Why is Mark Zuckerberg angry at critics in India?

Soutik Biswas Delhi correspondent


  • 29 December 2015

Mark Zuckerberg is feeling the force of critics who believe his effort to provide Indians with free access to a limited number of internet services hurts India's democracy and violates net neutrality.
In an unusually pugnacious appeal in the mass-circulation Times of India, the Facebook founder forcefully defended introducing his Free Basics service, "a set of basic internet services for education, healthcare, jobs and communication that people can use without paying for data".
Facebook, Mr Zuckerberg says, has already launched the service in partnership with more than 35 mobile operators in more than 30 countries.
He says more than 15 million people have already come online because of the service. "The data is clear," he says. "Free Basics is a bridge to the full internet and digital equality."
So - in a tone which many say mocks critics - Mr Zuckerberg asks: "Who could possibly be against this?
"Surprisingly, over the last year there's been a big debate about this in India."
Stiff opposition

After all, with more than 130 million users, India is Facebook's second biggest market in the world.
Mr Zuckerberg has been bear-hugged by Indian Prime Minister Narendra Modi in California, and has visited India twice.

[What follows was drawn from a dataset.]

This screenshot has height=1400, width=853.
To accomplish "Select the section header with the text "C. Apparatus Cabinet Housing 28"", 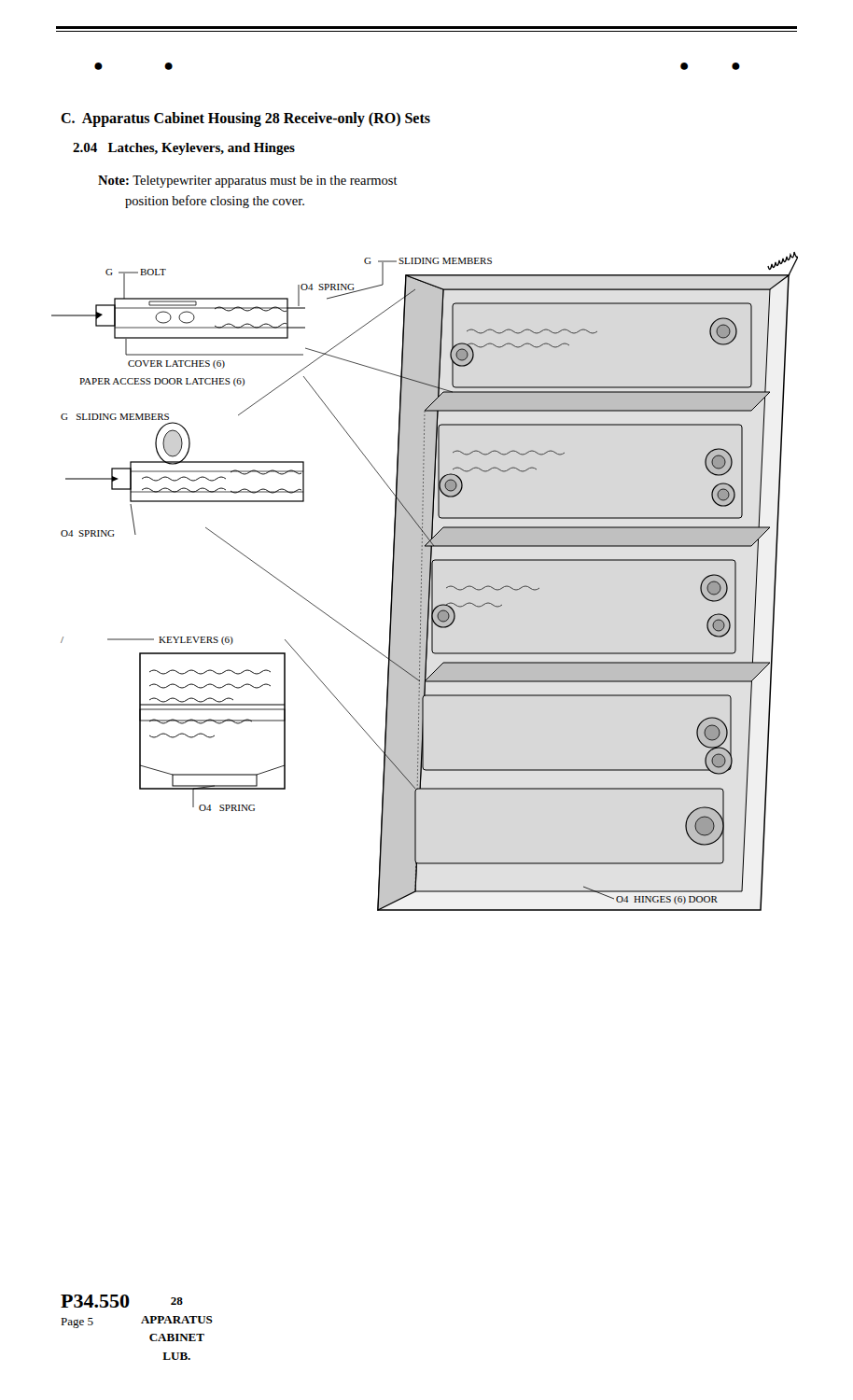I will coord(245,118).
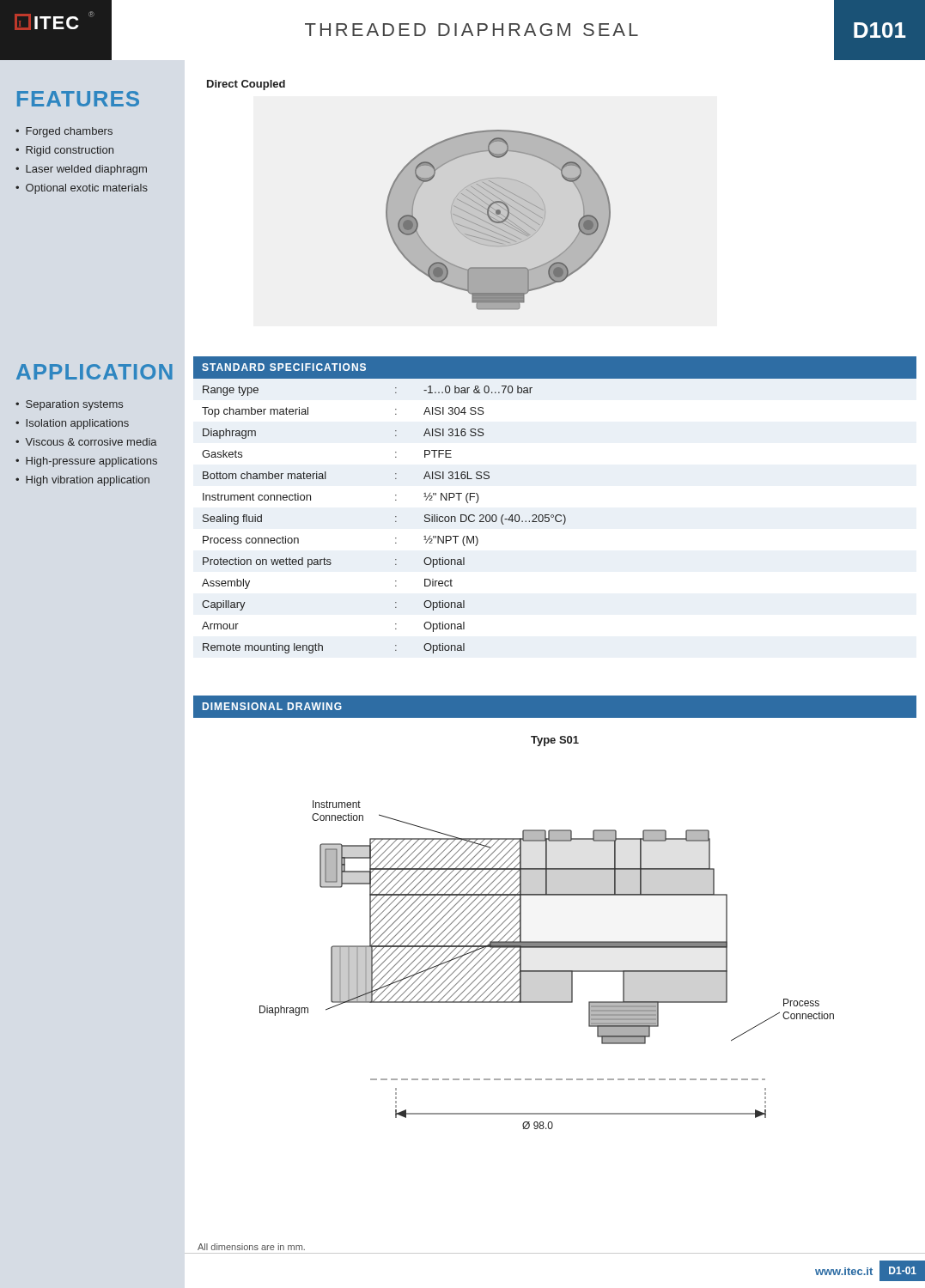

He insists India will be crucial to getting "the next billion online".
Many believe Mr Zuckerberg possibly expected a cakewalk with Free Basics, and is now irate at being stonewalled by critics who are not convinced about his motives.
Earlier this month, India's telecom regulator directed a mobile operator that partnered with Facebook to put the Free Basics offer on hold following stiff opposition by the critics, who believe that it runs contrary to the principles of net neutrality and that data providers should not favour some online services over others by offering cheaper or faster access.
Last April, hundreds of thousands of Indians sent emails to the regulator and set up websites demanding a free and fair internet.
All this is not helping Mr Zuckerberg. So Facebook has launched a lavish campaign to canvass support for Free Basics, putting out expensive full-page double-spread adverts in leading Indian newspapers and putting up billboards in cities.
And on Monday, he lashed out against his critics here for continuing to "spread false claims - even if that means leaving behind a billion people".
"Instead of recognising the fact that Free Basics is opening up the whole internet, they continue to claim - falsely - that this will make the internet more like a walled garden," he wrote.
"Instead of welcoming Free Basics as an open platform that will partner with any telco, and allows any developer to offer services to people for free, they claim - falsely - that this will give people less choice."Instead of recognising that Free Basics fully respects net neutrality, they claim - falsely - the exact opposite."
But prominent tech activists are not convinced.
Nikhil Pahwa, a volunteer with savetheinternet.in, says the Facebook boss has not answered a critical question.
"Why has Facebook chosen the current model for Free Basics, which gives users a selection of around 100 sites (including a personal blog and a real estate company homepage), while rejecting the option of giving the poor free access to the open, plural and diverse web?," he wrote in a stinging riposte to Mr Zuckerberg's personal appeal.
'Open access'

Mr Pahwa, a fierce defender of net neutrality, says research has shown that "less experienced, low-income groups prefer access to an open and unrestricted internet".
They should rather be given the choice, he writes, of "deciding what they want to access, with millions of websites and apps to choose from, for say, three days, over being given unlimited access to a limited selection".
Mr Zuckerberg possibly answers this question partially in his appeal.
He says "certain basic services" are important for people's well-being in all societies, so we have collections of free books in libraries, free basic healthcare - and not every treatment - which saves lives, and free basic education. Ditto with free basic internet services, he argues.
But this is only a part of the story, say critics.
Image copyright AFP Image caption More than 90% of India's internet users are mobile Image copyright AFP Image caption There have been protests in support of net neutrality in India Mr Pahwa says Facebook and the Indian mobile partner Reliance Communications "reserve the right to reject applications from websites and apps for Free Basics, and forces them to conform to its technical guidelines".
"Services which compete with telecom operator services will not be allowed on Free Basics. It would need Facebook's permission (and hence, time) for a citizen-powered crisis-response effort such as Chennairains.org to be made available to those on Free Basics, and the flexibility and freedom with which such an effort can evolve would be restricted or limited by Facebook's guidelines."
'Disingenuous'

More than half of India's 320 million internet users - 94% of whom are mobile - use Facebook and the instant messaging app WhatsApp, both owned by Mr Zuckerberg, every day, a study has shown.
The country is expected to have 500 million internet users by the end of 2017.
Technology analysts like Prasanto K Roy say it is all right for Mr Zuckerberg to look at India as a "great business opportunity" and pick up his next billion Facebook users.
"But he is being disingenuous with his Free Basics campaign. He is pushing what is essentially a corporate strategy, which is nothing wrong, and equating it with free basic education and healthcare," he says.
"Facebook is spending millions of dollars in the media to drum up support for Free Basics in India. What about using this money to subsidise internet access for the poor? Why is it dressing up what is essentially a corporate strategy as an altruistic mission?"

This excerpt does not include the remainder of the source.